Data for review:
============================================================

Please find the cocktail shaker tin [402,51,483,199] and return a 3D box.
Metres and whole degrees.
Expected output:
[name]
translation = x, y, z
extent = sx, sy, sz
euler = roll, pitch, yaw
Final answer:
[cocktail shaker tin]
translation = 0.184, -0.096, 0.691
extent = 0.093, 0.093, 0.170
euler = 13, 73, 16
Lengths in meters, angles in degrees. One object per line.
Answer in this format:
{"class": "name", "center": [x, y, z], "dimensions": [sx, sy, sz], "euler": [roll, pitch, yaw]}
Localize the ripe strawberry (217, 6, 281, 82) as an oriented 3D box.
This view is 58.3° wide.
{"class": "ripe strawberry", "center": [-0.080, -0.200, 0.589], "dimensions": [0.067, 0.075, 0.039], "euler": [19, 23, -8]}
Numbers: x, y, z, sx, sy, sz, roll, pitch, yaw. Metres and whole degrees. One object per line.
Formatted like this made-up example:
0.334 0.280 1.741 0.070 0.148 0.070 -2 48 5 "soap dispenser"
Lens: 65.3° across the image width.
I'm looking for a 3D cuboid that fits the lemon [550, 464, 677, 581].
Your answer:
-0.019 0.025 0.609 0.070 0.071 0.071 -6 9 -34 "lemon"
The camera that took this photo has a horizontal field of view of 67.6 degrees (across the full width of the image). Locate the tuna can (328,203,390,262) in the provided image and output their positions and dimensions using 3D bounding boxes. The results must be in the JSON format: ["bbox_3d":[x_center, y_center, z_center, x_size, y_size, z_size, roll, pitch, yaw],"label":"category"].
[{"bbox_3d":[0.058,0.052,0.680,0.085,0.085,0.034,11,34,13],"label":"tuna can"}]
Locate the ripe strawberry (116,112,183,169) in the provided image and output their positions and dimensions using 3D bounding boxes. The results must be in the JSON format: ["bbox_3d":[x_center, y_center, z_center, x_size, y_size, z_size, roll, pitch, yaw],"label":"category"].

============================================================

Select all lines with the word "name" from the entries above.

Solved exercise:
[name]
{"class": "name", "center": [x, y, z], "dimensions": [sx, sy, sz], "euler": [roll, pitch, yaw]}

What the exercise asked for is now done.